To support our students in their intellectual growth and our faculty in their teaching mission, I have charged a faculty committee to engage our community in a conversation about the FAS classroom. I am enormously grateful to Maya Jasanoff, X.D. and Nancy Yang Professor and Coolidge Professor of History, and David Laibson, Robert I. Goldman Professor of Economics and a Faculty Dean of Lowell House, for agreeing to co-chair this important effort.
Through this process, the Classroom Social Compact Committee (CSCC) will elicit the perspectives and insights of our faculty and students and consider current policies and fundamental values, like our commitment to academic freedom. The ultimate goal is to articulate in simple, clear terms our community’s shared goals for the FAS classroom and the roles of students, both undergraduate and graduate, and their instructors in fostering them. In addition to developing these statements, the CSCC will provide recommendations for strengthening and nurturing a vibrant classroom.
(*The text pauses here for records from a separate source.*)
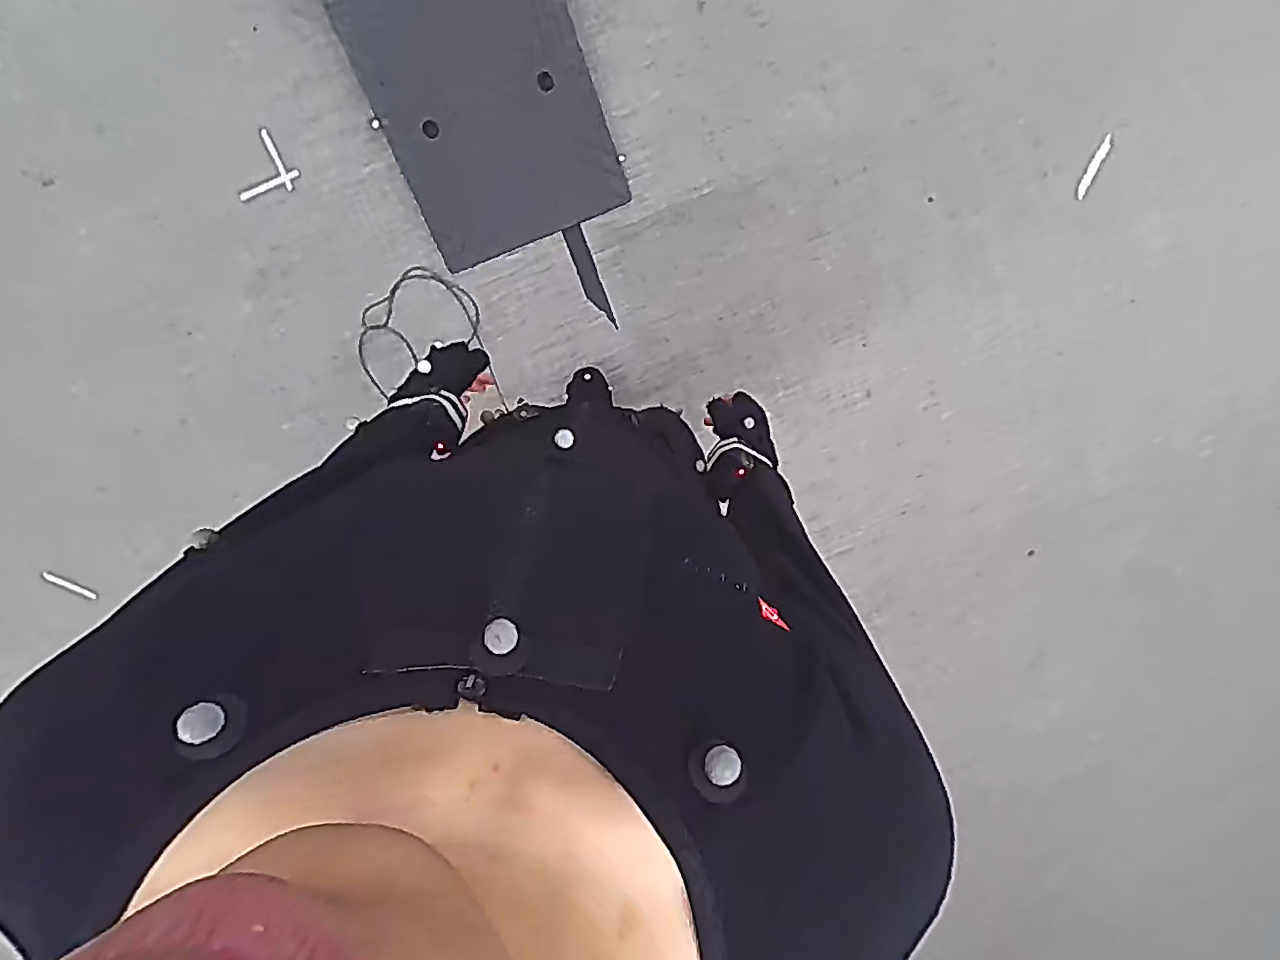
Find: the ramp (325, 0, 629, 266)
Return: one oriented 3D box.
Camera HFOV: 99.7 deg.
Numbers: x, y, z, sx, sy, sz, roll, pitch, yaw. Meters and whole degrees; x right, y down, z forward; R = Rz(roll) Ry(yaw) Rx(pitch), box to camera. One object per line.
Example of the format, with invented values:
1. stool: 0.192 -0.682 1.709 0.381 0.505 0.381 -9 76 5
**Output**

As the work of the committee gets underway, more information will be made available about opportunities to participate and to share your input.”
How encouraging to have open discussion AGAIN at Harvard….even if so much of it remains anonymous…. it’s late, the suppression is systemic…having graduated during the Vietnam War there was, even in the locker room, heated but honest debate …which, regrettably, seems impossible to imagine at present.
Dave Crawford, 1972
re: Dean Hoekstra announced the creation of the Classroom Social Impact Committee....
The Harvard community lives in such a bubble and is so arrogant, it's not clear that anything can be done to retrieve its reputation at this point. The world moves on - maybe Harvard has actually missed the boat?